The menu discovers runner metadata by AST-scanning literal name= and description= fields in build_replay_experiment(...) or ParameterSearchExperiment(...). Do not hide those behind variables.

The canonical book-runner shape is:

from decimal import Decimal

if __package__ in {None, ""}:
    from _script_helpers import ensure_repo_root
else:
    from ._script_helpers import ensure_repo_root

ensure_repo_root(__file__)

from prediction_market_extensions.backtesting._execution_config import (
    ExecutionModelConfig,
    StaticLatencyConfig,
)
from prediction_market_extensions.backtesting._experiments import (
    build_replay_experiment,
    run_experiment,
)
from prediction_market_extensions.backtesting._prediction_market_backtest import (
    MarketReportConfig,
)
from prediction_market_extensions.backtesting._prediction_market_runner import (
    MarketDataConfig,
)
from prediction_market_extensions.backtesting._replay_specs import BookReplay
from prediction_market_extensions.backtesting._timing_harness import timing_harness
from prediction_market_extensions.backtesting.data_sources import Book, PMXT, Polymarket

@timing_harness
def run() -> None:
    run_experiment(
        build_replay_experiment(
            name="polymarket_book_ema_crossover",
            description="EMA crossover momentum on one Polymarket market using L2 book data",
            data=MarketDataConfig(
                platform=Polymarket,
                data_type=Book,
                vendor=PMXT,
                sources=(
                    "local:/Volumes/storage/pmxt_data",
                    "archive:r2v2.pmxt.dev",
                    "archive:r2.pmxt.dev",
                ),
            ),
            replays=(
                BookReplay(
                    market_slug="market-slug",
                    token_index=0,
                    start_time="2026-03-19T07:35:57.277659Z",
                    end_time="2026-03-24T07:35:57.277659Z",
                ),
            ),
            strategy_configs=[
                {
                    "strategy_path": "strategies:BookEMACrossoverStrategy",
                    "config_path": "strategies:BookEMACrossoverConfig",
                    "config": {
                        "trade_size": Decimal("100"),
                        "fast_period": 64,
                        "slow_period": 256,
                        "entry_buffer": 0.0005,
                        "take_profit": 0.010,
                        "stop_loss": 0.010,
                    },
                },
            ],
            initial_cash=100.0,
            probability_window=256,
            min_book_events=500,
            min_price_range=0.005,
            execution=ExecutionModelConfig(
                queue_position=True,
                latency_model=StaticLatencyConfig(
                    base_latency_ms=75.0,
                    insert_latency_ms=10.0,
                    update_latency_ms=5.0,
                    cancel_latency_ms=5.0,
                ),
            ),
            report=MarketReportConfig(
                count_key="book_events",
                count_label="Book Events",
                pnl_label="PnL (pUSD)",
            ),
            empty_message="No replays met the book requirements.",
        )
    )

Important contract details:

Use BookReplay, not QuoteReplay or TradeReplay.
Use data_type=Book, whose string value is "book".
Gate replay coverage with min_book_events.
PMXT and Telonex adapters emit Nautilus OrderBookDeltas for L2 MBP book state.
TradeTick records are execution-only and are loaded by the replay adapter, not by runner strategy configs.
Public runners should preserve normal Nautilus output and timing output by default.

HTML And Report Modes

Per-market HTML report generation has been removed. Public runners now use the summary-report path when HTML output is needed.

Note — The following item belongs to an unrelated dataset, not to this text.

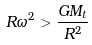Convert formula to latex. <formula><loc_0><loc_0><loc_500><loc_500>R \omega ^ { 2 } > \frac { G M _ { t } } { R ^ { 2 } }</formula>

The active HTML/report surface is inline MarketReportConfig with:

summary_report=True
summary_report_path="output/<name>.html"
summary_plot_panels=(...)
return_summary_series=True on build_replay_experiment(...)

The summary report can still contain per-market rows and comparison panels. The removed behavior is separate one-file-per-market detail HTML generation.

Typical basket config:

build_replay_experiment(
    ...,
    report=MarketReportConfig(
        count_key="book_events",
        count_label="Book Events",
        pnl_label="PnL (pUSD)",
        summary_report=True,
        summary_report_path="output/polymarket_book_joint_portfolio_runner_joint_portfolio.html",
        summary_plot_panels=(
            "total_equity",
            "equity",
            "market_pnl",
            "periodic_pnl",
            "yes_price",
            "allocation",
            "total_drawdown",
            "drawdown",
            "total_rolling_sharpe",
            "rolling_sharpe",
            "total_cash_equity",
            "cash_equity",
            "monthly_returns",
            "total_brier_advantage",
            "brier_advantage",
        ),
    ),
)

Known panel ids live in Plotting.

Optimization Runners

Optimizer runners keep the same inline explicit-source style but build a ParameterSearchExperiment. The inline ParameterSearchConfig pins:

the base replay market and token
train and holdout windows
strategy payload with __SEARCH__:<name> placeholders
parameter_grid for discrete random-grid values
parameter_space for TPE ranges when Optuna is used
scoring, sampler, coverage, and holdout settings

The scoring objective is documented in Research.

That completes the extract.